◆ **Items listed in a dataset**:
►

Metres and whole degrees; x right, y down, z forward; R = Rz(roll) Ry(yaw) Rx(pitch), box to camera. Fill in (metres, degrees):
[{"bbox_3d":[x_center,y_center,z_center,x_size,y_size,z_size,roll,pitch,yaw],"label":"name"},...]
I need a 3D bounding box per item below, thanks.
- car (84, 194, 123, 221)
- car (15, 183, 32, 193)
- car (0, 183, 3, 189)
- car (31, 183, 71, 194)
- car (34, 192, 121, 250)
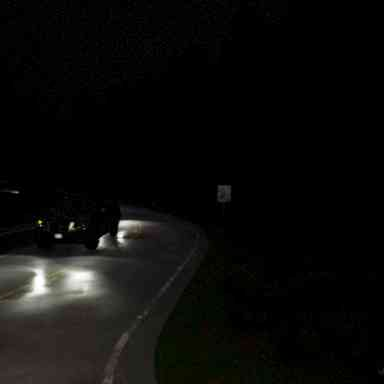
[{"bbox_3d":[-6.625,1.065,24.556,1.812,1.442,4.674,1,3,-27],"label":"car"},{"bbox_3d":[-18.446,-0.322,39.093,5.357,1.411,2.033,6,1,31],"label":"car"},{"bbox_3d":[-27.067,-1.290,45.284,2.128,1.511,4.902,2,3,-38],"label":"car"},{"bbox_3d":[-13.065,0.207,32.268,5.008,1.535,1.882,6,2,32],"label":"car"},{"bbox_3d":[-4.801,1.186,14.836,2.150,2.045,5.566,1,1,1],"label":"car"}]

◄
►

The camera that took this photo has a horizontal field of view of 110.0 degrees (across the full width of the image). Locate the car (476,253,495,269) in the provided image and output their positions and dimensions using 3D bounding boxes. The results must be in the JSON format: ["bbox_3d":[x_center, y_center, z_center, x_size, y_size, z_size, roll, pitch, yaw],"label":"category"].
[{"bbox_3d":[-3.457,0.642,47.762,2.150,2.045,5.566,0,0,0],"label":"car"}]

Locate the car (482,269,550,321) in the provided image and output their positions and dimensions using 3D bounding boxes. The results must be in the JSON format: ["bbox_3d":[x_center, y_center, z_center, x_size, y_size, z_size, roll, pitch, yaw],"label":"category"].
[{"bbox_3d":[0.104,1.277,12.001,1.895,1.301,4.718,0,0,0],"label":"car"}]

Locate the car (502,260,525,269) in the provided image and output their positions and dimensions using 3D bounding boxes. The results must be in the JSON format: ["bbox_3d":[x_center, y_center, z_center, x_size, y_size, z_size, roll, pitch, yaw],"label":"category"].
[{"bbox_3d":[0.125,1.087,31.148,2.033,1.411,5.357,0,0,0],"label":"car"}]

◄

Could you retype exactly the lines above, starting at the line that contains "I need a 3D" and ending at the line that contains "- car (31, 183, 71, 194)", and nothing more?

◆ **FINISHED EXERCISE**:
I need a 3D bounding box per item below, thanks.
- car (84, 194, 123, 221)
- car (15, 183, 32, 193)
- car (0, 183, 3, 189)
- car (31, 183, 71, 194)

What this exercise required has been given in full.